EXERCISE DETAILS
Copy each line of the listing where the word "Header" can be found.
[THE RECORDS — start]
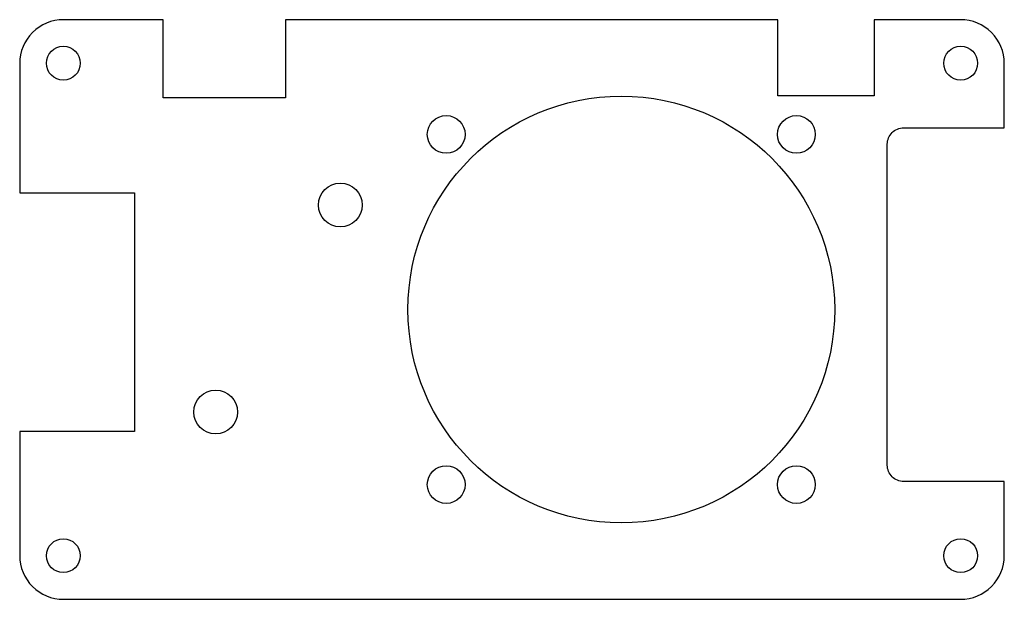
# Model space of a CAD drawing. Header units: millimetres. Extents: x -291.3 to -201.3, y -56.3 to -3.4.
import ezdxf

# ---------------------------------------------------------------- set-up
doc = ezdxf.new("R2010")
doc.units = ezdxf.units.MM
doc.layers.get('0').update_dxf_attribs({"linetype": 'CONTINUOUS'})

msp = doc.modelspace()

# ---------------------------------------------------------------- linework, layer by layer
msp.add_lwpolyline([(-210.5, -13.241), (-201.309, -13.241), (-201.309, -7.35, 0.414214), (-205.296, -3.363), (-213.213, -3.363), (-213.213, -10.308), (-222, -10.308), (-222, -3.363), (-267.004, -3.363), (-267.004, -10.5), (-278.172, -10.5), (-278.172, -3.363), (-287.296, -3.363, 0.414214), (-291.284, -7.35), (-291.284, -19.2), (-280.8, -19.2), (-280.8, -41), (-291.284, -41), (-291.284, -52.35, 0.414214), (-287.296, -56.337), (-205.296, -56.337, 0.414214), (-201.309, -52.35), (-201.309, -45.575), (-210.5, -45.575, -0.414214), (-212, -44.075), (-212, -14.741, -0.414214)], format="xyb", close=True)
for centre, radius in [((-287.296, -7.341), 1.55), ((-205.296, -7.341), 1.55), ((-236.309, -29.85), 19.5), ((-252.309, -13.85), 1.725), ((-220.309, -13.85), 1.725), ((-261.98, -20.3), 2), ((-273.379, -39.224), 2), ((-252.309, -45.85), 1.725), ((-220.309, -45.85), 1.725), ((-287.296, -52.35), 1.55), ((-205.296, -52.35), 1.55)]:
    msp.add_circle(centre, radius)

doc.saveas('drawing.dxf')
[THE RECORDS — finish]
[THE RECORDS — start]
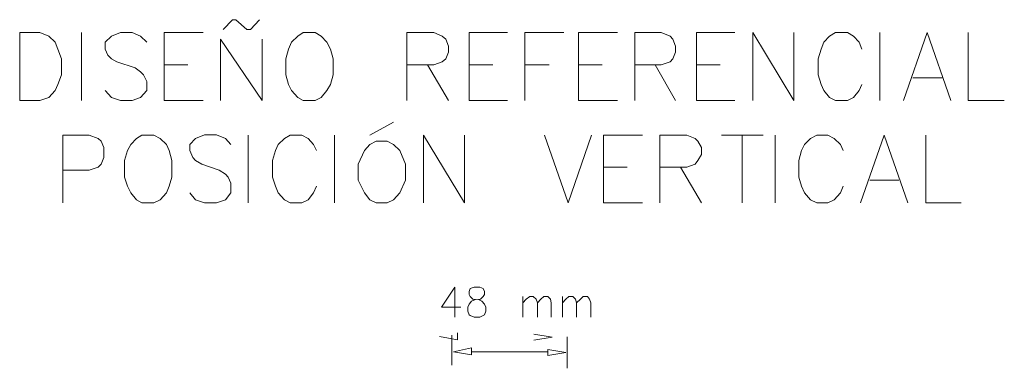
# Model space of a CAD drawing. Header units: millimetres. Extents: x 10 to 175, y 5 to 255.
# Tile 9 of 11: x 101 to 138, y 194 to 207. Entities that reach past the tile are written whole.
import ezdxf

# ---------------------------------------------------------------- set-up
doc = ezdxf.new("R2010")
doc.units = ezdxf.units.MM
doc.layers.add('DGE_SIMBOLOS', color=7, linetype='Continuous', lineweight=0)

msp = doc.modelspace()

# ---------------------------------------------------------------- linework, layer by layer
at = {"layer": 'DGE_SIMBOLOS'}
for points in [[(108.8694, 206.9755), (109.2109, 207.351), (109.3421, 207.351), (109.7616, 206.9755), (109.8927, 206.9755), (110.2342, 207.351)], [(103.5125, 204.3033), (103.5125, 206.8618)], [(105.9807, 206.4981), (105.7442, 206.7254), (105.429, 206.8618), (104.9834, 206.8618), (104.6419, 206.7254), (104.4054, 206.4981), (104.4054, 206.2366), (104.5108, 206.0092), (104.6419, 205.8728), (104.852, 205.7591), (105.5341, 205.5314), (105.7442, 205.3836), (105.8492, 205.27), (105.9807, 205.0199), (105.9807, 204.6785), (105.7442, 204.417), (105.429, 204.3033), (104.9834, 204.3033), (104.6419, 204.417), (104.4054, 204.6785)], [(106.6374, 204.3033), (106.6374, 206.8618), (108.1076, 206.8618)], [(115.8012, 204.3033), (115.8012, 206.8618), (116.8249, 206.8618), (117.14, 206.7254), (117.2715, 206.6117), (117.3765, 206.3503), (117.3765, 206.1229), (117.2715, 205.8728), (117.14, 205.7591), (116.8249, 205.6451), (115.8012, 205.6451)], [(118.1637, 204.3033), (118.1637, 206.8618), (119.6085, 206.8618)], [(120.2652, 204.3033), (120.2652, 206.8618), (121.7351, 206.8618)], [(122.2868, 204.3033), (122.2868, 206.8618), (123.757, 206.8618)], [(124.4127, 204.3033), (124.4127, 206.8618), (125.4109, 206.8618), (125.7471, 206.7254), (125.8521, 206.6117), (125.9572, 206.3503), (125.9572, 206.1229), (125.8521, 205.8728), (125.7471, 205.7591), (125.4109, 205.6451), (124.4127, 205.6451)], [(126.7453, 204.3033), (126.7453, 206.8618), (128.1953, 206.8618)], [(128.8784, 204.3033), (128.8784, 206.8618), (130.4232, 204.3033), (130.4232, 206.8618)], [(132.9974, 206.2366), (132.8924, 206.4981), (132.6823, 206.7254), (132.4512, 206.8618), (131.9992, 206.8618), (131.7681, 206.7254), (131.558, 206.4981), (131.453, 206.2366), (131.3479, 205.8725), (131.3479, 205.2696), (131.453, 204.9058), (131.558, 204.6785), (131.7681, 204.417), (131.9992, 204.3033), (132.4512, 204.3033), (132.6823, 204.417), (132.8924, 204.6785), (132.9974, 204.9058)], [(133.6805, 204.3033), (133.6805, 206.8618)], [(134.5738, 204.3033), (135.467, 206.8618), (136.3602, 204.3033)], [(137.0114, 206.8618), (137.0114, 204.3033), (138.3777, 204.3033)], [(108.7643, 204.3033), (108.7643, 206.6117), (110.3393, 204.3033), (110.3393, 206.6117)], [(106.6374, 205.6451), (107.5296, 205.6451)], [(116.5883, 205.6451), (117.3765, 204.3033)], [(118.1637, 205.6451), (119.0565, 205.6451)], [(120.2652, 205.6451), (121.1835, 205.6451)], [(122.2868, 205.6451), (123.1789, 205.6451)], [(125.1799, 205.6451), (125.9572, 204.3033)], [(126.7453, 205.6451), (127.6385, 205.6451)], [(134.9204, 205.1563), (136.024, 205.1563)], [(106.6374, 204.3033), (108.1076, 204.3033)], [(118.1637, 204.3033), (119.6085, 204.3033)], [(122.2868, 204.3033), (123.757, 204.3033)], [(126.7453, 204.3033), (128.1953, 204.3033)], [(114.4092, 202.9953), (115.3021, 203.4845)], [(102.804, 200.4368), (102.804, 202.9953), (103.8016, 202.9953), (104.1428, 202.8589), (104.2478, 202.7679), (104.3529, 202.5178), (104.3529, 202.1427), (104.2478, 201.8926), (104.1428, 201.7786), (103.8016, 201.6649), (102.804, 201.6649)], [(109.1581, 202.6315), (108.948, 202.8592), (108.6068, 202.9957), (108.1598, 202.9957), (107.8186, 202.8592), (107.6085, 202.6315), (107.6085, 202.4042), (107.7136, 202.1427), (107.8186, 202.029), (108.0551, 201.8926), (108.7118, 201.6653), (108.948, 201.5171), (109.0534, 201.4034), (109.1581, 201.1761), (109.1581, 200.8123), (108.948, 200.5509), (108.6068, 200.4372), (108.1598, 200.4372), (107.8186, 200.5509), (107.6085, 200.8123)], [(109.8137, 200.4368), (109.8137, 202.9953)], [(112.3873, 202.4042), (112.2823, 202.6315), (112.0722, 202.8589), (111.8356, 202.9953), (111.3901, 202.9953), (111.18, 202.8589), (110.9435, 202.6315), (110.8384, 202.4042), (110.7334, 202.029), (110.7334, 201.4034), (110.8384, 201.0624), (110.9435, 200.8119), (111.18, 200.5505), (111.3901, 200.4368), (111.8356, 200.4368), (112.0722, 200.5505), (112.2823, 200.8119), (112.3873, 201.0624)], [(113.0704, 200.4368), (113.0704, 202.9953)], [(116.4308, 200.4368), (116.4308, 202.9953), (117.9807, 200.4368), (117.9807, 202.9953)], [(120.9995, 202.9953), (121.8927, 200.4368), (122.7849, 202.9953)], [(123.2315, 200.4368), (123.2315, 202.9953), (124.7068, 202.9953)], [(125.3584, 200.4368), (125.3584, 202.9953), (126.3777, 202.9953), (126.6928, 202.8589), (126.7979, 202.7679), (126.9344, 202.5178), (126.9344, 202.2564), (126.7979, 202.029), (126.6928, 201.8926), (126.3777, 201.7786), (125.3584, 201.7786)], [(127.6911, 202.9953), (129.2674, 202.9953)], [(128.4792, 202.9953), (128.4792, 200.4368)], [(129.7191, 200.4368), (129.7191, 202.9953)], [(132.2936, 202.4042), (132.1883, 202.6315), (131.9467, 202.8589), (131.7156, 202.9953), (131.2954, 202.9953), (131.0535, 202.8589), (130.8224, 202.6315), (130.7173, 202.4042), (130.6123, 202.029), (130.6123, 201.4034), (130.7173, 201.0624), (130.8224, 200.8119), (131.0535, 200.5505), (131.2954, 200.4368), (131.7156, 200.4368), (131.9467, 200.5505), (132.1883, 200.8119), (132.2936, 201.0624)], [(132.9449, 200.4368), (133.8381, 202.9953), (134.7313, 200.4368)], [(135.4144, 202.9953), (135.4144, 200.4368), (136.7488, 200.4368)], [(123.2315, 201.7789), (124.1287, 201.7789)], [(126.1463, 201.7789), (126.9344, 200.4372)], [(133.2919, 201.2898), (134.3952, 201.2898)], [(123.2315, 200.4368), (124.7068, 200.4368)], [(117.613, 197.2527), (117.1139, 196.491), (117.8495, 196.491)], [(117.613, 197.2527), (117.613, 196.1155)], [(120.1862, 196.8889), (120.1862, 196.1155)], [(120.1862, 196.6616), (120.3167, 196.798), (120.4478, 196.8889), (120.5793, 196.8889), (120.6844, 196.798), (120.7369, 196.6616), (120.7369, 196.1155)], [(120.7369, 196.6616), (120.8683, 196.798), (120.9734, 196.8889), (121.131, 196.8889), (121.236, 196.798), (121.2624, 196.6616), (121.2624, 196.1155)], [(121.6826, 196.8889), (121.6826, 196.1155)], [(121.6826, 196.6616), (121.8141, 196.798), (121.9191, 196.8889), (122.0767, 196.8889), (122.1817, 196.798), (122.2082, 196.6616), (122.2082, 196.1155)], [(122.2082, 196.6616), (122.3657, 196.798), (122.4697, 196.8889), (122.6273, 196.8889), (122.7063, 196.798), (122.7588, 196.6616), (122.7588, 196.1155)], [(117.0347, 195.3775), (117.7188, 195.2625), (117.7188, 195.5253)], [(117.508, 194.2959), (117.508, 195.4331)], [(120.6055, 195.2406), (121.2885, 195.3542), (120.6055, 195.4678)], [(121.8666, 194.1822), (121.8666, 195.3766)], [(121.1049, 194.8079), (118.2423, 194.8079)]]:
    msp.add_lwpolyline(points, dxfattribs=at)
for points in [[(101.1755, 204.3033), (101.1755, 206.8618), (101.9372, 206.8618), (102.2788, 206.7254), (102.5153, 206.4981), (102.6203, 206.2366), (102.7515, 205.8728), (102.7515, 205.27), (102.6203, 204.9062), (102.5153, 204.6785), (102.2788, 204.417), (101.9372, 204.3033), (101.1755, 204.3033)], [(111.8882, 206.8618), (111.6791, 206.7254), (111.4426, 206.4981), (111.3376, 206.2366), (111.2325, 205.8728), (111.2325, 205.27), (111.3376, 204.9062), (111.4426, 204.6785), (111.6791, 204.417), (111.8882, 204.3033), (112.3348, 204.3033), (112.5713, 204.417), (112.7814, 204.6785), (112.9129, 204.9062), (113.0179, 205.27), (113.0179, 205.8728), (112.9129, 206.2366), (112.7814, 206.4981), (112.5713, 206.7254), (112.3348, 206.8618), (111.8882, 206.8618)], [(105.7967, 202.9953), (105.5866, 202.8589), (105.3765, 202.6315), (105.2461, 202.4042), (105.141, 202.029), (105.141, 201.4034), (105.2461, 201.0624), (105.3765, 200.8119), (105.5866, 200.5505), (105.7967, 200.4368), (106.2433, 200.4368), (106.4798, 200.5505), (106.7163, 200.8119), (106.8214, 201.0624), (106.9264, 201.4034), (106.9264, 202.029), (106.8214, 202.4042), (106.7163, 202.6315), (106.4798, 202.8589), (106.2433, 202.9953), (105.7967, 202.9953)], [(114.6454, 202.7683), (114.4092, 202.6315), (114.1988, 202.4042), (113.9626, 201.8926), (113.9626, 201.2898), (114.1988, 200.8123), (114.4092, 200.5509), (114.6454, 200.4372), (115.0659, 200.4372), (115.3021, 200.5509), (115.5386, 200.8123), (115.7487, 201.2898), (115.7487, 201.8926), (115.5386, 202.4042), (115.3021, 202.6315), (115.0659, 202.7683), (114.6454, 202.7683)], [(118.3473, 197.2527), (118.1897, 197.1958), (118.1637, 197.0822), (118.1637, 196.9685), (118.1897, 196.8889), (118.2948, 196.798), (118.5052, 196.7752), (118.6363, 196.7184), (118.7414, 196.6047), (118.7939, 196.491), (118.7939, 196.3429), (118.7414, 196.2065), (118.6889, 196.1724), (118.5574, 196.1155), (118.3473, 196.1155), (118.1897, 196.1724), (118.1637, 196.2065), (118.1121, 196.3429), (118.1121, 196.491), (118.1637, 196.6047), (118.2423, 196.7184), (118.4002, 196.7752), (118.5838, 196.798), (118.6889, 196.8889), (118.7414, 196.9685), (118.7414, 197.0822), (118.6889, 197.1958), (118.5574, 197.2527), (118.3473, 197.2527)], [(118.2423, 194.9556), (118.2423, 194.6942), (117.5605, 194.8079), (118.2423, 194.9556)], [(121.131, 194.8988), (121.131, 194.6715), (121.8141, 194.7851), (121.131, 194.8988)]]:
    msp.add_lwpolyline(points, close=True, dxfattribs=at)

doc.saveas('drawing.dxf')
[THE RECORDS — finish]
ANSWER SECTION
# Model space of a CAD drawing. Header units: millimetres. Extents: x -291.3 to -201.3, y -56.3 to -3.4.
# Model space of a CAD drawing. Header units: millimetres. Extents: x 10 to 175, y 5 to 255.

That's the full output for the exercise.